→ WHAT TO WORK ON: From the first line of the listing to the last, set down everything exactly, but skip the images.

→ DATA EXCERPT:
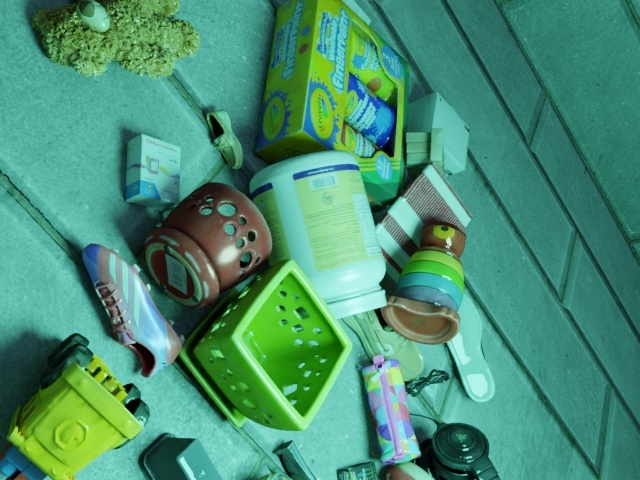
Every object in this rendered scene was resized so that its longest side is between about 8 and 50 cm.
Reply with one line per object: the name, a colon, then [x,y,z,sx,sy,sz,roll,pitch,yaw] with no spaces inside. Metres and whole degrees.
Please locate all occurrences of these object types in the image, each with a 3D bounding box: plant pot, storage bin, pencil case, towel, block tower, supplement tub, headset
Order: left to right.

→ WRITTEN SOLUTION:
Every object in this rendered scene was resized so that its longest side is between about 8 and 50 cm.
Reply with one line per object: the name, a colon, then [x,y,z,sx,sy,sz,roll,pitch,yaw] with no spaces inside. Metres and whole degrees.
Please locate all occurrences of these object types in the image, each with a 3D bounding box: plant pot, storage bin, pencil case, towel, block tower, supplement tub, headset
Order: left to right.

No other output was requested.